▸ Available data
=====

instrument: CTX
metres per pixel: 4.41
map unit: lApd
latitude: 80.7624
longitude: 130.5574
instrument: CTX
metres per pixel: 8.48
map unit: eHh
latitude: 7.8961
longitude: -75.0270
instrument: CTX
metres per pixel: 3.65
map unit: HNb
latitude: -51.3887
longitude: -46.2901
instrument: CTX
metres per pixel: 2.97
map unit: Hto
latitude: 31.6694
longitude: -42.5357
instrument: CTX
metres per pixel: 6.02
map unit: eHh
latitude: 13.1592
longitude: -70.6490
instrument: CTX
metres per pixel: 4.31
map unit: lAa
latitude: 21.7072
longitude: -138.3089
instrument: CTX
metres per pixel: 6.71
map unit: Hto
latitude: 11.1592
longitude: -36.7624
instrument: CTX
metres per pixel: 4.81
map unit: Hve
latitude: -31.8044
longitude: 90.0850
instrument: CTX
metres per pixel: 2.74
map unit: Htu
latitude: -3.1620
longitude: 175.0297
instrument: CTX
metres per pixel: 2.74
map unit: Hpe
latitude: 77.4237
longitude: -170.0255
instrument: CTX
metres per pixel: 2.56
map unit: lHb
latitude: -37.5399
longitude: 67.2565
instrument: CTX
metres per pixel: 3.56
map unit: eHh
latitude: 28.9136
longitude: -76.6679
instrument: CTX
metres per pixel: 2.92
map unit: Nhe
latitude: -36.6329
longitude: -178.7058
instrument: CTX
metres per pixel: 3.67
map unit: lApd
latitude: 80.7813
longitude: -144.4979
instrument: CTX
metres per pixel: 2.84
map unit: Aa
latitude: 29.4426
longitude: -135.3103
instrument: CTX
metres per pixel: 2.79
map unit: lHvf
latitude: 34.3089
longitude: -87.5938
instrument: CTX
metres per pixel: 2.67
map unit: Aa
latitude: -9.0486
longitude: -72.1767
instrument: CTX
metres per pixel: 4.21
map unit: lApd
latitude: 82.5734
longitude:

=====

▸ Exercise description
Would you please copy the lines above, from the one holding "longitude: -135.3103" through the last, and nothing else?

▸ Completed task
longitude: -135.3103
instrument: CTX
metres per pixel: 2.79
map unit: lHvf
latitude: 34.3089
longitude: -87.5938
instrument: CTX
metres per pixel: 2.67
map unit: Aa
latitude: -9.0486
longitude: -72.1767
instrument: CTX
metres per pixel: 4.21
map unit: lApd
latitude: 82.5734
longitude:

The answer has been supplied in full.